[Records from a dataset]
Start of Block
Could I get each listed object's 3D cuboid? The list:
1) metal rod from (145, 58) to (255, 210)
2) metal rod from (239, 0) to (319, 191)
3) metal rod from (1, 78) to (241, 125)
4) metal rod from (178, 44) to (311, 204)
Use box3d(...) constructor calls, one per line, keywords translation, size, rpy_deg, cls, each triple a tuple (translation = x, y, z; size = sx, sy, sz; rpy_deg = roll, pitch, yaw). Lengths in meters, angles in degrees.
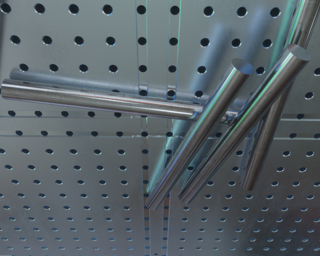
End of Block
__How to complete this task__: Any picture among the entries must be skipped; copy all else exactly.

__Answer box__:
Could I get each listed object's 3D cuboid? The list:
1) metal rod from (145, 58) to (255, 210)
2) metal rod from (239, 0) to (319, 191)
3) metal rod from (1, 78) to (241, 125)
4) metal rod from (178, 44) to (311, 204)
Use box3d(...) constructor calls, one per line, keywords translation, size, rpy_deg, cls, each triple a tuple (translation = x, y, z; size = sx, sy, sz; rpy_deg = roll, pitch, yaw). Lengths in meters, angles in degrees.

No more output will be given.